# Buying a lathe at Home Depot...which should I get



## marcuscraft

So I have a bunch of Home Depot gift cards that I have just been sitting around and decided to put them towards a lathe. So for the sake of this argument, the lathe universe consists of just whats available at home depot. Im new to turning, just looking to make simple/smaller items….a few pens, maybe a small bowl or two…and want something benchtop so that I can store it away (I dont have a problem moving/lifting 100 lbs, so thats not a worry). I am also looking for variable speed for the convenience factor. It looks like my 3 choices are:

Nova Comet II
http://www.homedepot.com/p/NOVA-12-in-x-16-1-2-in-Comet-II-Variable-Speed-Wood-Lathe-46300/204488330#.Un5KOuI4ljs

This looks great because it would mean almost $0 out of pocket. From looking at reviews, there seems to be some QA issues with them as well.

General 25-200 M1
http://www.homedepot.com/p/General-International-12-in-x-17-in-Variable-Speed-Maxi-Lathe-VS-25-200-M1/204205750#.Un5KhOI4ljs

The digital readout seems to be pretty cool and the turning head might prove useful for future use. Very little for reviews out there.

Jet 1221VS
http://www.homedepot.com/p/JET-12-in-x-21-in-Variable-Speed-Woodworking-Lathe-719200/204077179#specifications

Largest and most powerful (on paper at least) of the 3.

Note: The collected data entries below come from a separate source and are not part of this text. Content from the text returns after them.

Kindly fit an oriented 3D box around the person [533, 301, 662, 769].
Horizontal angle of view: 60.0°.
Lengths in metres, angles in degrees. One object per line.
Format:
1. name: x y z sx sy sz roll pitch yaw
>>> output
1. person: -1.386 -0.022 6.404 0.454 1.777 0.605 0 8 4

Any thoughts from anyone out there on the three above?


----------



## Sawdust2012

I'd either go with the Jet or the Nova. If forced to choose right now, I'd do the Nova. Turning is their thing. They make accessories you can attach to the outboard side of the drive. You really cant go wrong with either of the two. I've never had anything from Jet that wasnt top rate.


----------



## waho6o9

+1 for Nova.

http://www.teknatool.com/Infinity_quick_change.htm


----------



## lew

What do you want to turn?

If you are turning pens and small diameter spindles, then I'd get the Nova.

If you expect to do bowls or anything that approached the maximum diameter the lathe supports you'll need more horsepower.


----------



## PaulDoug

The Jet has been around and well proven. If you can believe the horsepower rating it has the most. Best warranty. Can run at the slowest speed (important in pen making depending on the type of finish you want to use). That's the one I'd get, if it were me.

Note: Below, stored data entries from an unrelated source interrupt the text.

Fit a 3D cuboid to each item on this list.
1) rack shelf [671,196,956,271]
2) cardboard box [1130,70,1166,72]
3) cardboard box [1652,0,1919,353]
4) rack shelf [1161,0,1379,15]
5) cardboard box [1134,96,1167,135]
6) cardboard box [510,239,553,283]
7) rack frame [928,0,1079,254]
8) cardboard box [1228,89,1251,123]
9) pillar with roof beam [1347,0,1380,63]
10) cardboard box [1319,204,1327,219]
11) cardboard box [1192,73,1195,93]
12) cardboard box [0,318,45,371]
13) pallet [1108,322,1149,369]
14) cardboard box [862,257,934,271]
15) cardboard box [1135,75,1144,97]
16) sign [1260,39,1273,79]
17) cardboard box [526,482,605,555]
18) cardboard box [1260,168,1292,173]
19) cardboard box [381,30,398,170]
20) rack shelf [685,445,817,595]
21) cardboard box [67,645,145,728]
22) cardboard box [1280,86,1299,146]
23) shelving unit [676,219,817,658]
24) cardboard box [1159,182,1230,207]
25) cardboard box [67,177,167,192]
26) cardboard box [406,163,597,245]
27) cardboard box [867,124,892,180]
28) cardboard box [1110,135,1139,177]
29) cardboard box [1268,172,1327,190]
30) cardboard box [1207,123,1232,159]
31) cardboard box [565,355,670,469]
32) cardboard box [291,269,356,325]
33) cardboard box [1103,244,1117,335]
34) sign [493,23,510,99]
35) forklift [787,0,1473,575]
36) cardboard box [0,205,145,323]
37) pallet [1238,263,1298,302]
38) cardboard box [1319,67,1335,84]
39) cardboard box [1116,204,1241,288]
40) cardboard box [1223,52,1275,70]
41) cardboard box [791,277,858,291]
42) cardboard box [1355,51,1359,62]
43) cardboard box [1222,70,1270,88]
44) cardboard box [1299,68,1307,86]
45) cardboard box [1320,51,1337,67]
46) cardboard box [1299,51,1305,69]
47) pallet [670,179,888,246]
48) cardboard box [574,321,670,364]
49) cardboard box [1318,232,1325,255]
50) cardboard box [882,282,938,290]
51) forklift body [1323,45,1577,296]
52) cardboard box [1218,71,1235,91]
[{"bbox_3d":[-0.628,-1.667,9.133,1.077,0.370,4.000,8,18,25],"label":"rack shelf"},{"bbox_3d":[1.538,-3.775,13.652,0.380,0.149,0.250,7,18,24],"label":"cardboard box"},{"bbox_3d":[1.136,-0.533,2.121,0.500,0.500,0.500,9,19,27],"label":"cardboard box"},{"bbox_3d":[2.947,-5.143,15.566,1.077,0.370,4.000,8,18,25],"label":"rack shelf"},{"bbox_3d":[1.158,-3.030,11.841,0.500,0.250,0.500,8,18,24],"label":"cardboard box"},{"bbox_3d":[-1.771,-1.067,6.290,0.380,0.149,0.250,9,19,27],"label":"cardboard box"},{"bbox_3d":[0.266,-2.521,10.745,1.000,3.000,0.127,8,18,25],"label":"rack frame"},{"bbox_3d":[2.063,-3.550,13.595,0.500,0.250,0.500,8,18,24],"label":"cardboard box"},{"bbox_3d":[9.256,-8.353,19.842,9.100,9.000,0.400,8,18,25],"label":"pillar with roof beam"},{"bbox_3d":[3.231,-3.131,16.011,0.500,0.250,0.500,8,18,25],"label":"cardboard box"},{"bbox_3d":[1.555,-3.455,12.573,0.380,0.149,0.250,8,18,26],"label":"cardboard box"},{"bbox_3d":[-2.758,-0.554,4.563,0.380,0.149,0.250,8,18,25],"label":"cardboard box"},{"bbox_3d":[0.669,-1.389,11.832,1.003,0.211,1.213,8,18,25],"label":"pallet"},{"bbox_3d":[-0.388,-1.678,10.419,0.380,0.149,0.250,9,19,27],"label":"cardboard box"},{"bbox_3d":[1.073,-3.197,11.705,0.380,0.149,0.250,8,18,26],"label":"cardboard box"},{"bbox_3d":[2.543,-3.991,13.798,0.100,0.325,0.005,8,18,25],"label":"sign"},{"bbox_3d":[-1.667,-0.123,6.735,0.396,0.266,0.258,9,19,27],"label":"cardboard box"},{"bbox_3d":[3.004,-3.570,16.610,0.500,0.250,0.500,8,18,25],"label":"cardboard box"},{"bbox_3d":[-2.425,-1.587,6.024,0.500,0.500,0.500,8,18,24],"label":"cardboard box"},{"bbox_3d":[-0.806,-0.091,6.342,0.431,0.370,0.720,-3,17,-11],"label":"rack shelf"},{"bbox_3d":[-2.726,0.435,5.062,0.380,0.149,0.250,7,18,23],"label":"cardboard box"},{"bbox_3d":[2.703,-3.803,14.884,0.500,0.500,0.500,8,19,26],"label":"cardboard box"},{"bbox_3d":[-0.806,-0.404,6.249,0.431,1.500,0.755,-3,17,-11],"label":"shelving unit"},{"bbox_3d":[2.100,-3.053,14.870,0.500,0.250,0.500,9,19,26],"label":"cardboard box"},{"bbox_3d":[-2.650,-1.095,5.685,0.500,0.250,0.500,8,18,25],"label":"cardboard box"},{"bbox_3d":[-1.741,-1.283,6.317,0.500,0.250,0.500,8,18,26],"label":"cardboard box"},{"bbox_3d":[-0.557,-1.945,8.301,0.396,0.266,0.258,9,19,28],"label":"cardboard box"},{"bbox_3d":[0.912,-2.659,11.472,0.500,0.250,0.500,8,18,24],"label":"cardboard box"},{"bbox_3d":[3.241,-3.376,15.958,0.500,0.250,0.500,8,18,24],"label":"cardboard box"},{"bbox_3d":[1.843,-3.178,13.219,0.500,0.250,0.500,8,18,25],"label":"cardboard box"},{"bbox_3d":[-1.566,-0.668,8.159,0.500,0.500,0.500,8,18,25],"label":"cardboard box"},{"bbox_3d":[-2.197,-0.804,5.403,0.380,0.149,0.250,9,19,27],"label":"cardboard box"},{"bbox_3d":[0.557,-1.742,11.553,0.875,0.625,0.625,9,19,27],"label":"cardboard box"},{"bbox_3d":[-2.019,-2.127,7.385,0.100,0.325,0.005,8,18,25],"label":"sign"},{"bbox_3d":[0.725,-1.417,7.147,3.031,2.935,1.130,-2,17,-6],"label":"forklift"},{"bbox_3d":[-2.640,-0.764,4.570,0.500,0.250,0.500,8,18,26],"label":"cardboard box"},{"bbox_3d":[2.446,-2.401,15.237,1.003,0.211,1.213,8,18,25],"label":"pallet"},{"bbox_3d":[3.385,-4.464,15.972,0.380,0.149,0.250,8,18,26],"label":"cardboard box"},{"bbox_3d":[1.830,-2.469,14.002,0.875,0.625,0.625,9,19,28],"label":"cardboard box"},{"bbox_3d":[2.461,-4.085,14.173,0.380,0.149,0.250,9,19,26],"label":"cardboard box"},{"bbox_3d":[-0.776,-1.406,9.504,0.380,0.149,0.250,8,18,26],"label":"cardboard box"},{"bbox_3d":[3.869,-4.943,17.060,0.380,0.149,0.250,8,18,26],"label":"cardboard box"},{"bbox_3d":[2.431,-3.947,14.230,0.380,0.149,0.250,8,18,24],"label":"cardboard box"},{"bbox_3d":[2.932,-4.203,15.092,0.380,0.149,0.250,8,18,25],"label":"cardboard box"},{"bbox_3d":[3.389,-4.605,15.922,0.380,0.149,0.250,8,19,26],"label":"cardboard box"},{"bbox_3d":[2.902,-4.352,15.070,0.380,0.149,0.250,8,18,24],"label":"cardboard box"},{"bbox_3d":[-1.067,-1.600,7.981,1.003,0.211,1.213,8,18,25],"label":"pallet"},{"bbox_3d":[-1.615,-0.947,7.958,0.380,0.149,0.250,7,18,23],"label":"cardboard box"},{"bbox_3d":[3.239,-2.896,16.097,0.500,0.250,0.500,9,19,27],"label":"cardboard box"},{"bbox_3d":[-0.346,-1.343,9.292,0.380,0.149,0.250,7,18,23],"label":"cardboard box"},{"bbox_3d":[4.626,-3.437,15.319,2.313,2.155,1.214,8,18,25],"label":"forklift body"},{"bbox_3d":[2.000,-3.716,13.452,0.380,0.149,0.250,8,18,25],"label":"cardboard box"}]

One of the most important things if you get into turning, You will spend a lot more money before your are through (well if you really enjoy it, I guess you never get through buying for it).


----------



## Bill7255

I have the Jet. It is very nice lathe. I also have a Delta Midi lathe. The variable speed on the Jet is nice and generally use this lathe, but the Delta is also a good lathe. I don't think you could go wrong with any of them, but my first choice would be the Jet, then Nova. Be prepared to spend on chisels and a sharpening system. For pen turing I bought the Shopsmith pen turning chisels. Three chisels in the set. I don't know if they still sell them. Sorby chisels are also excellent. You will also need a way to sharpen them. I use the Woverine jig with the 8 inch slow speed grinder from Woodcraft. I have the Jet (Tomek) knock off, but haven't master this system. Note, get a cheap set of chisels to practice sharpening. If you like turning, then you can be on the lookout for a used full size lathe. I found a Powermatic 90 for $180. Doesn't have all the bells and whistles, but is rock solid. You need to be more careful if buying a full size lathe.


----------



## JollyGreen67

Marcus, where do you live so as to purchase these lathe's at Home Depot? I didn't know HD sold lathe's.


----------



## marcuscraft

They're all available online and will ship to the store for free. None are actually in stock at the store.


----------



## JollyGreen67

Thanks, never thought about online for HD. I'll pass it along.


----------



## wormil

The Jet is very popular but the Nova is less expensive and is also good from what I read. Both are good companies so the HP ratings are probably correct. I'd be tempted to get the Nova and have money left over. Nova + Delta/Nova chuck will run you $670.00; plan another $100-200 for tools, so $800-900 just to get started.


----------



## PaulDoug

Yep, the lathe is the cheap part of the hobby! Fortunately the expensive part can be spread out over a longer time. You will save on the tool side also if you can get into a turning club. They will show you what is what so you don't waste money on unnecessary items. One thing I will advice, if you go Nova, DO NOT buy the Nova sharpening jig set up. I had one and it ended up in my metal scrap pile. Seriously!


----------



## JollyGreen67

Marcus, go to www.woodturnerscatalog.com for all kinds of turning accessories.


----------



## Darell

Our turning club just purchased two of the Jet 1221 VS lathes this past summer. They have held up well with our class schedule. I don't know much about the Nova. I have the Nova DVR but that's another class of lathe. One thing you might consider is the bed length. The Jet is 21" between centers while the Nova is only 16.5". That could be a limiting factor if you get into pepper mills or longer spindle turnings. Happy Turnings!


----------



## Underdog

I'd say either the Nova or the Jet. They're both decent lathes and use quality materials and parts. I personally haven't used the Nova, but have friends who like them. I have two Jets and the quality is decent, and the warranty is good.


----------